Crítica de Búho/Titzina Teatro

Teatro en El Puerto: Oscura luz de la memoria

Una imagen de la obra de teatro.

Una imagen de la obra de teatro.

Que levante la mano quien no tenga cerca a alguien que de manera súbita o paulatina no haya perdido la memoria de forma cruel e irreversible: angustiosamente dolorosa, en cualquier caso, sea al ritmo que sea. Los estudios sobre neurología hablan de una epidemia en las últimas décadas de padecimientos ligados a ese viaje sin retorno que supone un precipicio hacia la nada no solo para quienes lo sufren en carne propia, sino también, y en forma de vicaria impotencia, para los allegados que se hunden ante la evidencia de que quien una vez pudo avanzar, luchar y cuidar de sí mismo es ahora un cuerpo exánime, con los recuerdos anegados por el olvido, vulnerable y dependiente, y, a partir de esa hecatombe, desprovisto de la identidad que vertebró su existencia y que no es, ni más ni menos, que la suma de las vivencias de todo un camino puestas unas detrás de otras: somos porque fuimos y, sin conciencia de nuestro pasado, no es posible el sostenimiento del presente ni la edificación de ningún futuro.

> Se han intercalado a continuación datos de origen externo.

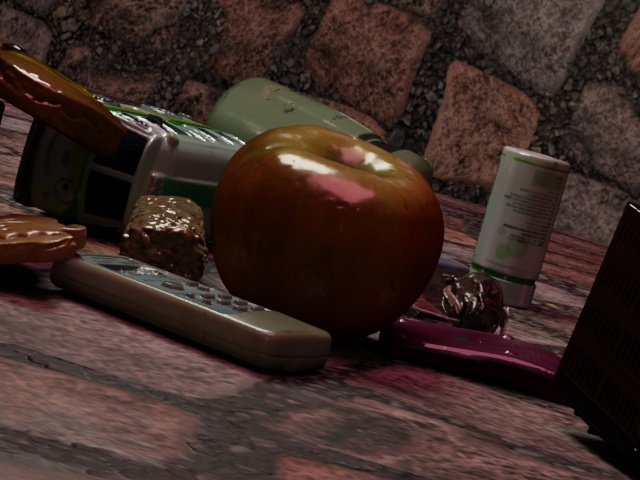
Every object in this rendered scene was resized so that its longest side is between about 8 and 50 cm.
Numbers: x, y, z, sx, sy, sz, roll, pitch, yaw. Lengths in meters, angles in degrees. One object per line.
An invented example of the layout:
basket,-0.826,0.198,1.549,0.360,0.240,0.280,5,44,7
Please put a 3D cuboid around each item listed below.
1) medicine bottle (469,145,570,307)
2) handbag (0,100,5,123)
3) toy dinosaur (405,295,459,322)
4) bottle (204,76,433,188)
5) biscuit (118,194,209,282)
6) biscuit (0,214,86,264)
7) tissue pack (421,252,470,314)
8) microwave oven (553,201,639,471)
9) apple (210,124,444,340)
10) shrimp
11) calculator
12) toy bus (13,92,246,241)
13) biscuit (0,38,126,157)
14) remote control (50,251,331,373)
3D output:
medicine bottle,0.238,-0.017,2.257,0.086,0.183,0.086,15,7,-2
handbag,-0.464,-0.114,1.662,0.288,0.152,0.342,9,-4,12
toy dinosaur,0.044,0.060,1.826,0.220,0.032,0.108,8,5,35
bottle,0.006,-0.098,2.549,0.347,0.168,0.168,26,11,35
biscuit,-0.143,0.000,1.749,0.082,0.070,0.168,6,9,-2
biscuit,-0.257,-0.003,1.525,0.134,0.027,0.184,-5,9,-3
tissue pack,0.063,0.032,1.967,0.155,0.065,0.115,10,6,-32
microwave oven,0.338,0.104,1.476,0.247,0.188,0.178,17,11,-22
apple,0.000,0.000,1.651,0.210,0.173,0.235,20,16,7
shrimp,0.152,0.068,1.849,0.075,0.073,0.190,11,1,0
calculator,0.147,0.103,1.693,0.191,0.034,0.126,14,8,2
toy bus,-0.181,-0.072,1.972,0.165,0.133,0.276,20,7,25
biscuit,-0.302,-0.165,1.730,0.277,0.052,0.262,31,-2,5
remote control,-0.104,0.055,1.498,0.234,0.038,0.098,18,6,32

Convertir ese angustioso bucle en arte, sublimar ese pozo negro hasta elevarlo a la categoría de producto estético compartible sin caer en lo lacrimógeno, lo melodramático o en la más censurable falacia patética es mérito de muy pocos y lo consiguen de lleno Titzina Teatro, el prestigioso grupo catalán que pasó el sábado 13 de abril por las tablas del portuense teatro Pedro Muñoz Seca en la segunda función de abono de su temporada primaveral para presentar 'Búho', que desde el año pasado gira por España acumulando críticas entusiastas. Y no es casualidad, porque el resultado es una propuesta sugerente, original, de vocación inmersiva, ahora que está tan de moda lo inmersivo, pero no en el sentido más celebrativo o leve del término, sino como experiencia capaz de atrapar al espectador desde el primer minuto del montaje para empujarlo sin condescendencia hasta las profundidades del útero ciego, sordo y claustrofóbico al que es arrastrado Pablo, un antropólogo forense en la mitad de su cuarentena tras sufrir un ictus. Acompañamos a Pablo en su particular investigación de “antropología personal”, como él mismo dice en un momento de la obra, y vamos conociéndolo a partir de sus averiadas evocaciones en escenas de linealidad discontinua, como no puede ser de otra forma, puestas en pie por el fabuloso trabajo actoral de Diego Lorca y Paco Merino, quienes firman una dramaturgia poderosa como poderoso es el esfuerzo físico que dota a Búho de una compacidad magistral y de un ritmo donde las acciones transitan cadenciosas, como flotando por el escenario tornado en cueva.

Y como dicen los títulos de crédito de algunas películas, este solvente proyecto no habría sido posible sin la dirección técnica de Albert Anglada ni el efectivo vestuario de Ona Grau. Y, por supuesto, sin la sencilla pero potente escenografía (menos es más) construida por Albert Ventura y La Forja del Vallés a partir del diseño de Rocío Peña, que no podríamos disfrutar sin la acertada iluminación de Jordi Thomás: todo se imbrica en un milagroso equilibrio. Enriquecen esta apuesta escenográfica las conmovedoras proyecciones de Joan Rodón, que renuevan este recurso, de moda hace veinte años y que acabó rompiéndose por agotamiento de tanto usarlo. Pero aquí no es, en absoluto, mero añadido, sino parte de un todo orgánico donde es también elemento nuclear el espacio sonoro ideado por Jonatan Bernabeu y Tomomi Kubo que tanto contribuyen a que el espectador se sienta envuelto en una desasosegante, pegajosa pesadilla de la que, sin embargo, muy pocos querrían despertar, tal es el abrasador magnetismo de esta luminosa caída a la más sombría desmemoria.